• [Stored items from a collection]
----

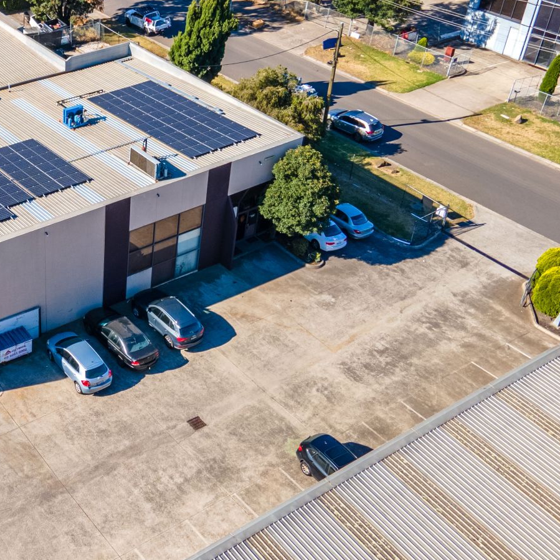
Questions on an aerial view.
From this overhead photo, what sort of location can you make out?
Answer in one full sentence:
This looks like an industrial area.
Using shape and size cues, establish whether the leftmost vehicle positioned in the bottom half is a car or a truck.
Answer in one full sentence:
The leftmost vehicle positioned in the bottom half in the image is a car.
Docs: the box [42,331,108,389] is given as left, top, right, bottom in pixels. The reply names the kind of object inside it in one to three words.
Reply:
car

----

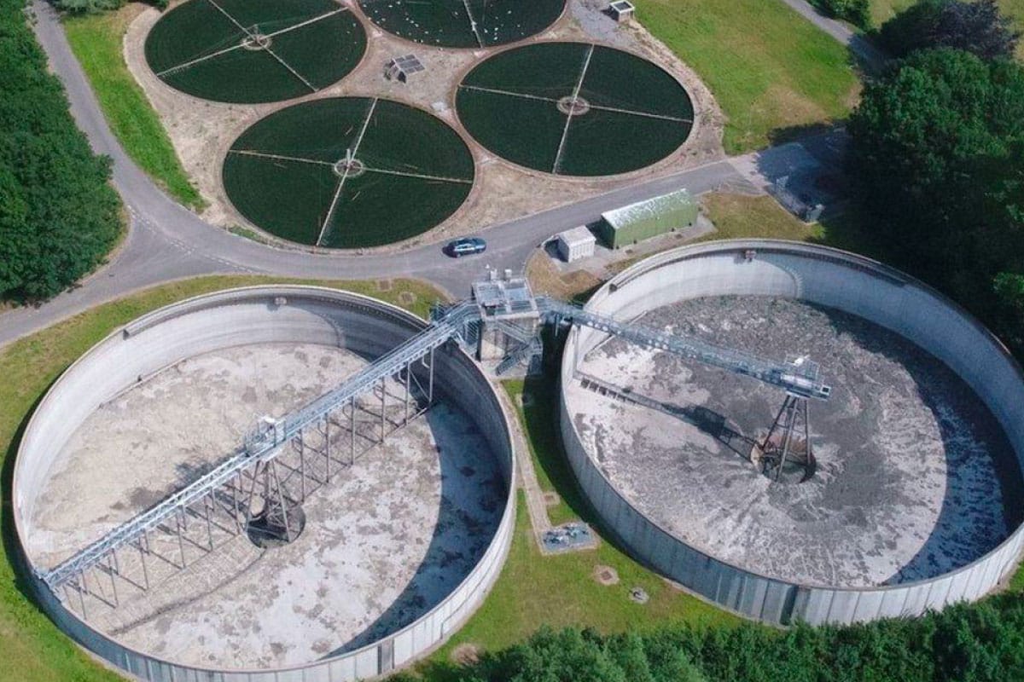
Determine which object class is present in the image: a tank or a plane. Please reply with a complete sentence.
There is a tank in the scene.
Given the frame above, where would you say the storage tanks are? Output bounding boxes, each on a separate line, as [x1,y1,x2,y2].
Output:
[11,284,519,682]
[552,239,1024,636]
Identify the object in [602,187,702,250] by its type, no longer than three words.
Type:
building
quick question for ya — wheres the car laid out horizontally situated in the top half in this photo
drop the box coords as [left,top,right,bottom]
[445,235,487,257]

----

• [BRIEF]
The lines to copy are those above that contain "photo".

• [SOLUTION]
From this overhead photo, what sort of location can you make out?
quick question for ya — wheres the car laid out horizontally situated in the top half in this photo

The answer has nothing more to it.